オープニング

 クージョン・アルパークは愛する人の様子を見て、その変化にどう対応すべきか考えていた。一番大事な人だもの。一目みればわかる。
「ダイアナさんのことを考えているのかい?」
 その問いにカンタレラは素直に頷いて、ぽつぽつと語りはじめた。
「ダイアナ様は、さみしいのかなって。なにがあったのかわからないけど、結局旦那さんも信じることができないままだったのは、きっと深い絶望だと思う。カンタレラも、ずっと誰も信じられなかった。でも信じたい人ができた。希望も生まれた。カンタレラも誰かの支えになりたい。ダイアナ様の救いに、支えになって、ダイアナ様を絶望から救い上げたい」
 ダイアナの真意は想像するしか無い。けれどもクージョンは思う。自分はそんな彼女のひたむきさに惹かれたのかもしれない、と。いつも子供っぽい可愛さのある彼女ののそんな意外な強さに魅力を感じているんだと。
 妖精郷で、遺跡で何があったか報告書を読んで知っているクージョンとしては、カンタレラの気持ちに沿いたい。だが、闇雲に進むのではカンタレラがダイアナと共に破滅するのは目に見える。それだけはどうしても避けなければ。
 そしてカンタレラの想いをかなえる為に何をすべきか。
「ねえ、カンタレラ。僕たちはまず知るべきなんじゃないかな……すべてを。そうすればダイアナさんが何故こんなことをしたのか、そして今どこにいるのか、その手がかりがつかめるんじゃないかな?」
 ジョヴァンニ・コルレオーネやジュリエッタ・凛・アヴェルリーノもダイアナのことが気になると言っている。


 アリッサに願い出て、四人は妖精郷の再調査をしたのだが……残念ながら妖精郷ではめぼしい収穫は得られなかったのだ。


 *-*-*


「そういえば、壱番世界に……」
 めぼしい収穫はなかったとアリッサに報告をしたクージョン達。すると同席していたレディ・カリスがまるで今、思い出したかのように口にしたのだ。
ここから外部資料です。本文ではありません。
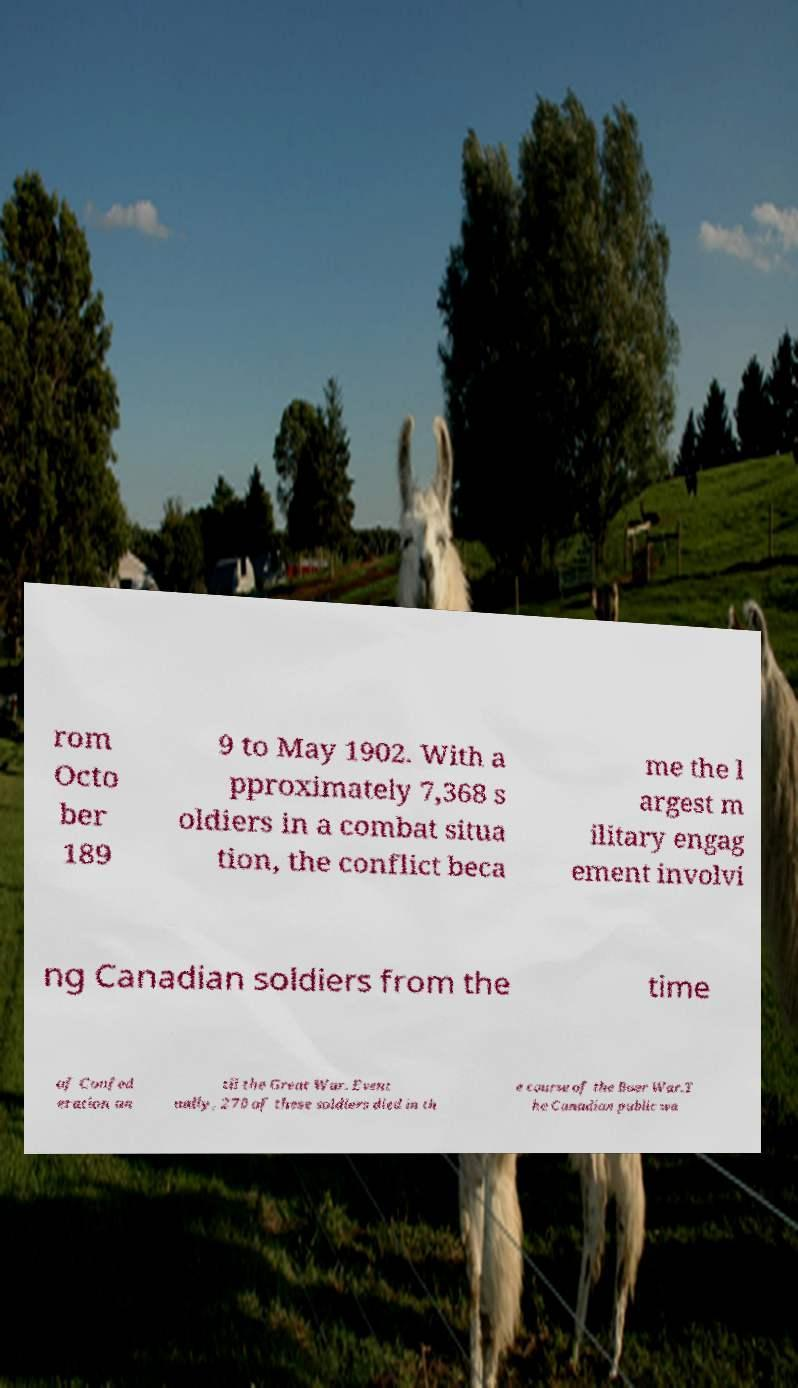Could you assist in decoding the text presented in this image and type it out clearly? rom Octo ber 189 9 to May 1902. With a pproximately 7,368 s oldiers in a combat situa tion, the conflict beca me the l argest m ilitary engag ement involvi ng Canadian soldiers from the time of Confed eration un til the Great War. Event ually, 270 of these soldiers died in th e course of the Boer War.T he Canadian public wa 
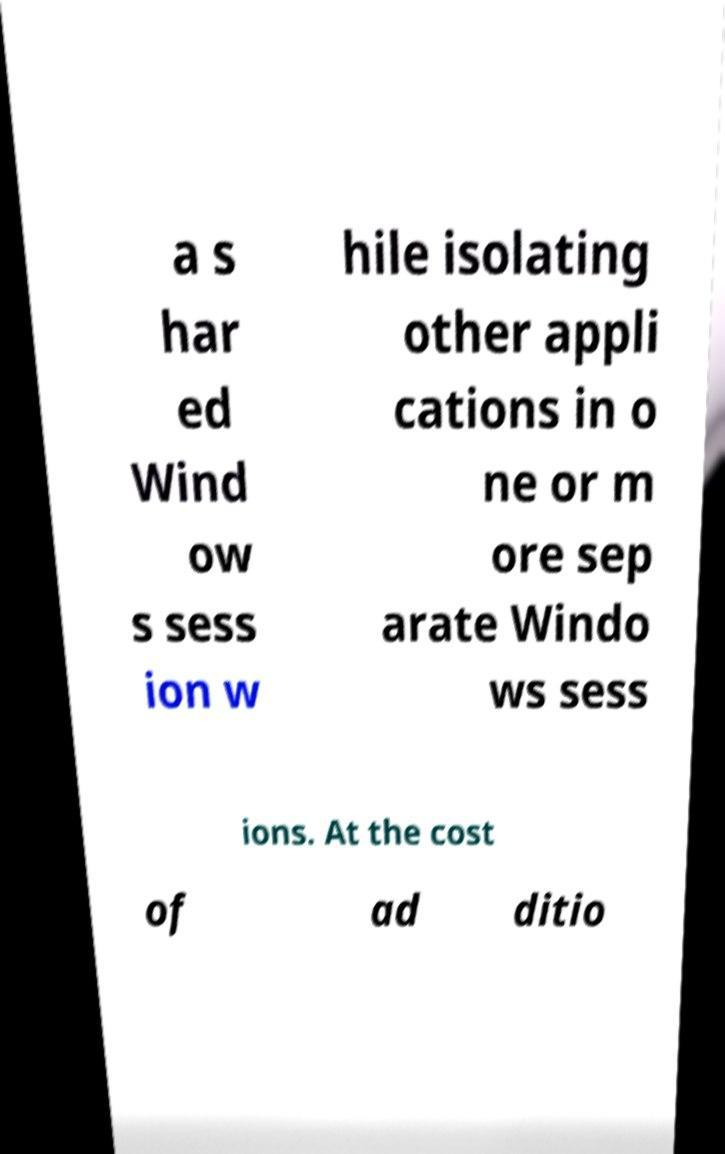Could you extract and type out the text from this image? a s har ed Wind ow s sess ion w hile isolating other appli cations in o ne or m ore sep arate Windo ws sess ions. At the cost of ad ditio

 リチャードとダイアナが、かつて暮らしていた別邸があるということを。


「その別邸は調べたのかね?」
「いいえ。今、思い出したくらいですから」
 ジョヴァンニの問いに首を振るレディ・カリス。
「ただし何か見つかるとは限りません。念の為に調べてみる、というスタンスで臨むのが良いでしょう」
「何も出てこなくてもがっかりしないでね?」
 レディ・カリスの言葉をアリッサが補足して苦笑する。これだけ調べても何も出て来なかったのだ、必ず出てくるなんて保証はなくて。
「だが、何もしないよりましじゃ。出てきたら儲けものくらいの気持ちでおればいいのじゃろう?」
 心得ているとばかりに頷くジュリエッタ。アリッサもレディ・カリスも安心したように息をついた。
「別邸の敷地内ならばどこを探しても構いません」
「危険はないと思うから……ってはっきり言えればよかったんだけど、中が今どうなっているのかわからないから、一応気をつけてね」
 レディ・カリスとアリッサに見送られて、四人はリチャードとダイアナがかつて暮らしていた別邸へと赴くのだった。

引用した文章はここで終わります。